La ausencia de viajeros hace que este lugar se cubra de soledad. La ausencia de caminantes hace que los caminos se entristezcan repentinamente.
Y mientras el cielo es de un azul cada vez menos claro, y el viento de marzo se eleva cada vez más fresco,
delante de mí pasan perros y aves, carretas y autos, niños en bicicleta y ancianos que vuelven del mercado.
Delante de mis ojos pasan lavanderas y segadores, leñadores y campesinos. Y sin demorarse en los caminos rodeados de manzanares,
avanzan por los campos cultivando el trigo y la cebada y las flores de diciembre.
Oh, sobre los cerros de piedra las nubes se mueven en breves sucesiones. Sobre las casas de madera las veletas brillan con el sol de septiembre.
En los establos los caballos duermen en la sombra. Y las amapolas, y las flores amarillas, abren sus pétalos al borde del sendero.
Oh, parece que el viento cruza los pinos de la Patagonia y que el sonido del agua estalla contra las piedras.

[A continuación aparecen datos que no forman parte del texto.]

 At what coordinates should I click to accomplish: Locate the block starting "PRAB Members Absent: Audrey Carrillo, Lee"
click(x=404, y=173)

Parece que sobre los muebles reluce el polvo del camino, y dentro de las habitaciones crujen las tablas y los techos.
Y mientras la luz ingresa iluminando los cuartos y los espejos de la casa ligeramente se aclaran en la sombra, una voz, delgada y tenue, grita mi nombre en el patio.
Y sin darnos cuenta de que el verano deja estos campos y el perfume amargo de las lilas, recorremos el sendero distraídos, viendo las amapolas, los altos pinos,
las enredaderas que ascienden por las casas vacías.

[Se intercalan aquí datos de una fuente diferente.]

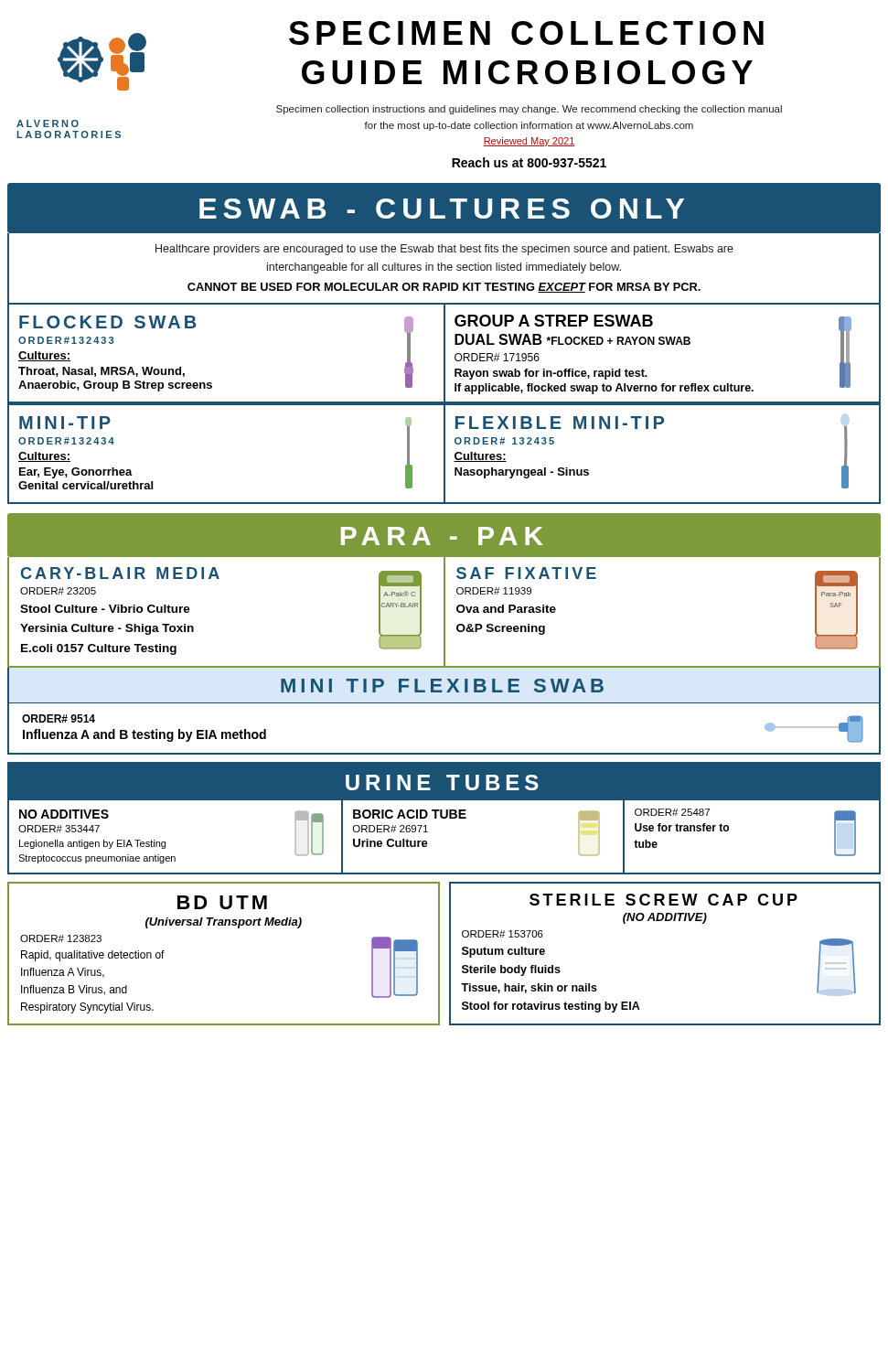Viewport: 888px width, 1372px height.
Task: Click on the element starting "NO ADDITIVES ORDER# 353447"
Action: click(175, 836)

Y en la orilla del lago nos sentamos como en nuestra infancia primera a mirar el crepúsculo.
Una leve llovizna golpea las ventanas del establo y las copas de los árboles.

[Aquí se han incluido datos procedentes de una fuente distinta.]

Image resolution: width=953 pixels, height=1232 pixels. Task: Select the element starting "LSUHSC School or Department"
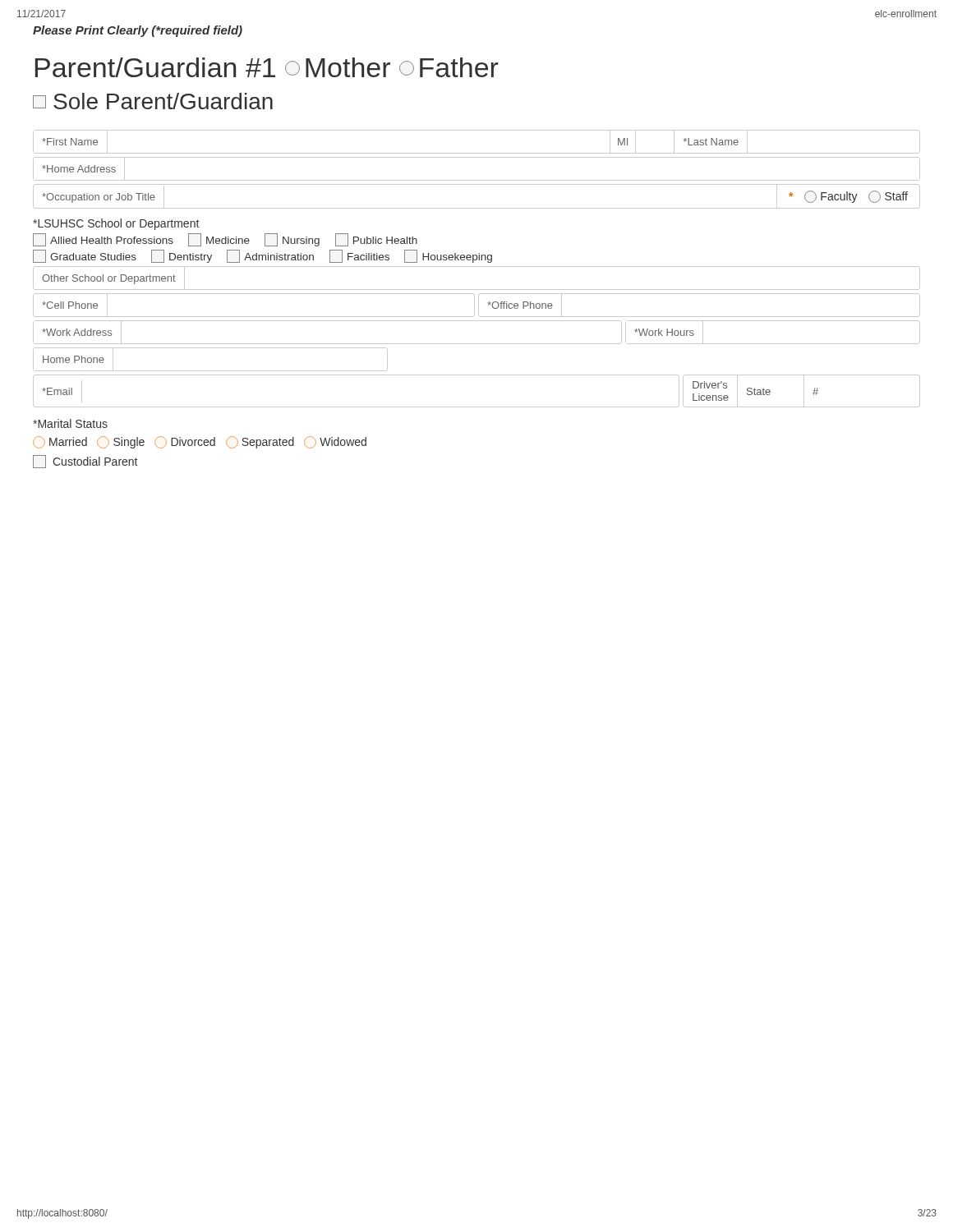[116, 223]

Es una de esas lluvias de verano que desciende cuando el aire cálido,
después de rodear las inmediaciones de la península, se aleja repentinamente perdiéndose entre las montañas y los bosques que se levantan a lo lejos.
Una llovizna que efímeramente pasará cuando el sol abra su abanico sobre la ciudad de grises matices. Una llovizna que se perderá en los caminos que descienden hasta el río.
Oh, siempre sentí esta lluvia como un suceso agradable; como una sensación que se proyectaba sobre árboles y casas y florestas y que confundiéndose en la espesura del bosque
caía sobre el suelo cubierto de sombras y hojarascas.
Ah, mi destino ha sido presenciar la lluvia sobre los campos. Observar el agua que atraviesa la tarde;
los pámpanos que el otoño esparció por los caminos; el crepúsculo que se alejaba como un pájaro de sombra.
Mi destino era esperar la floración de los jazmines, el aroma de los crisantemos, el reverdecimiento de los campos.
Y aguardar los esplendores y las llamas. Las estaciones y las lluvias.
Los alimentos y las flores.
Y esperar la noche encendida por el fuego. Y la aurora coronando los pinos. Y las hojas consumiéndose en los campos.
Oh, debo redactar la luz del crepúsculo, juntar el misterio de las amapolas,
recordar que mi nacimiento es el nacimiento de la tierra, y que mi nombre es el nombre de la península y el nombre de todo.
Y pertenecer, sí, pertenecer. Al silencio del poniente y a las sombras de las hojas y a las aguas del río.